Fast wäre der Vorfall vom Juli 2007 in den Archiven des Pentagon verschwunden. Lapidar hieß es aus dem US-Verteidigungsministerium damals dazu, dass bei einem Luftangriff ein knappes Dutzend Aufständische getötet wurde. Nur der Website wikileak ist zu verdanken, dass Internet-User weltweit nun einen Einblick in die tödliche Realität des Irakkriegs nehmen können.
Zumindest in das, was man von außen als Realität betrachtet. Denn die Besatzung des US-Hubschraubers interessiert wenig mehr als die Tötung der Figuren auf dem Zielmonitor. Unter diesen Gesichtspunkten wird eine umgehängte Kamera schnell zum AK 47-Maschinengewehr und eine Gruppe friedlich versammelter Menschen zum Terroristentreffen. Grund genug also, das Feuer zu eröffnen.
Und das ist in seiner Tödlichkeit äußerst effizient. Ein paar kurze Feuerstöße, schon liegt die Gruppe am Boden. Ein, zwei Personen bewegen sich noch, der Hubschrauberschütze wünscht sich von dem verwundeten Mann nur eine Rechtfertigung für die nächste Salve: "Komm schon, alles, was du tun musst, ist eine Waffe aufzuheben."
Kinder und ein Fotograf sterben
Der tragische Irrtum wird den Soldaten gar nicht richtig bewusst. Dass unter den Todesopfern ein Fotograf der internationalen Agentur Reuters samt Fahrer ist, wird erst später bekannt.

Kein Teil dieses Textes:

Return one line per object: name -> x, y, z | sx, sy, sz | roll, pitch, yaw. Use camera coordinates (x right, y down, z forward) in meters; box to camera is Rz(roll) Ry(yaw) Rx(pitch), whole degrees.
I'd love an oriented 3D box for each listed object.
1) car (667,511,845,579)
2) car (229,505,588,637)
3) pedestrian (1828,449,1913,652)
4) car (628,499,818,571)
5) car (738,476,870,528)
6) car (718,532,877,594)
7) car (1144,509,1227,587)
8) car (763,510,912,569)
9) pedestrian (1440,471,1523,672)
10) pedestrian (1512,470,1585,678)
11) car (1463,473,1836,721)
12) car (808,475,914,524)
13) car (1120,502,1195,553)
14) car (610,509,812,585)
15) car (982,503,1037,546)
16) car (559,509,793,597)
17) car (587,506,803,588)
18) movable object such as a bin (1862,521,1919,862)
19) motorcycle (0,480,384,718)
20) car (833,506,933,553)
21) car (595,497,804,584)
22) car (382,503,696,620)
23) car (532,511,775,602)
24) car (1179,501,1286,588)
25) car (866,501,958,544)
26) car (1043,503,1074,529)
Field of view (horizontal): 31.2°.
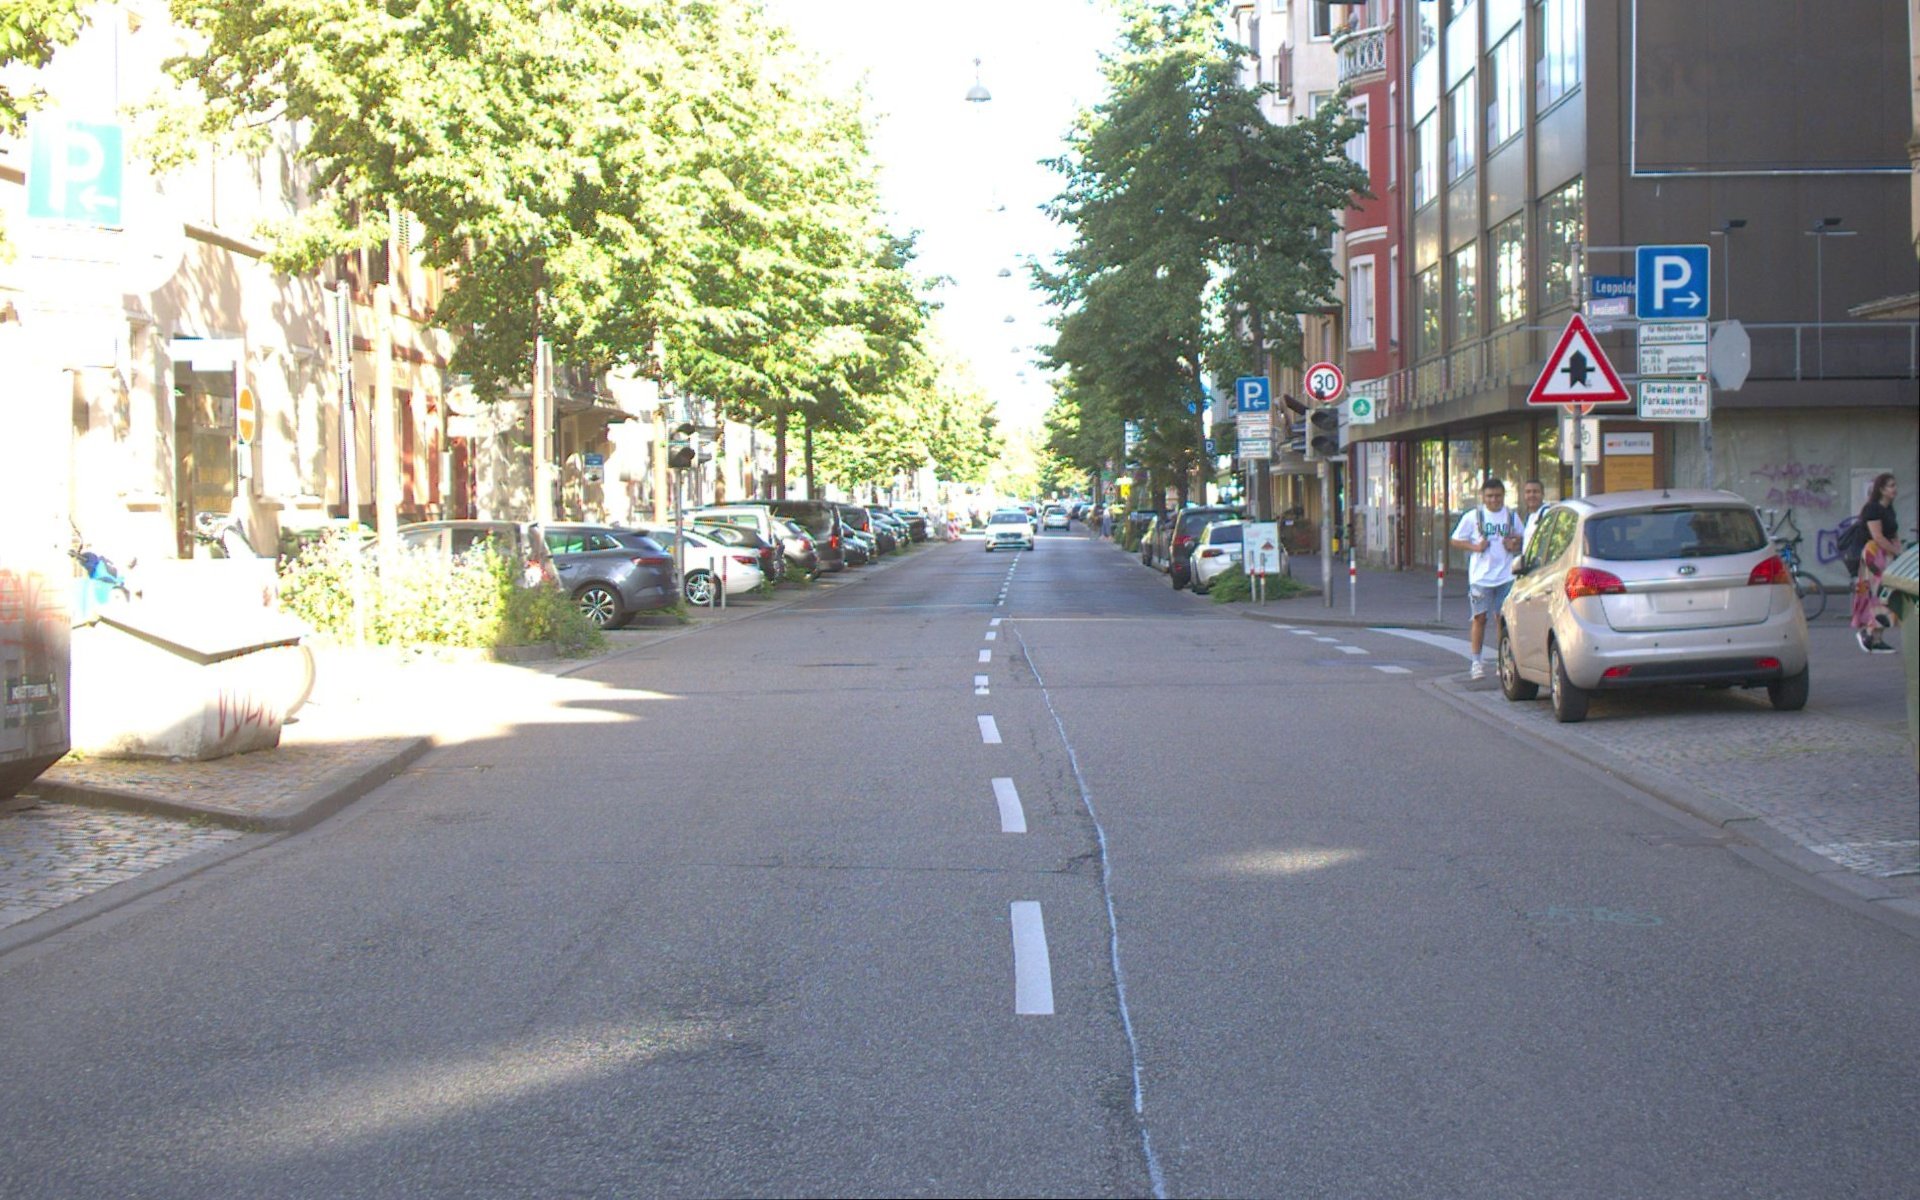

Ganz im Gegenteil: Ein ziviler Transportwagen, der herbeieilt, um die Verwundeten aufzusammeln, wird von der Hubschrauberbesatzung schnell als Terroristengefährt identifiziert und mit einer weiteren Salve bedacht. Diesmal kommen auch zwei Kinder ums Leben. "Schön geschossen", lobt ein Kamerad per Funk den Schützen, als würde er eine Tötungszahlstatistik im Auge haben.
Tragisch, dass selbst die Presseagentur Reuters, die dem Vorfall lange nachging, keinen Einblick in das Videomaterial nehmen durfte. Erst durch eine Lücke im Pentagon gelangte das Video an die Öffentlichkeit. Und dürfte den öffentlichen Druck auf die US-Regierung angesichts des unpopulären Einsatzes im Irak weiter erhöhen.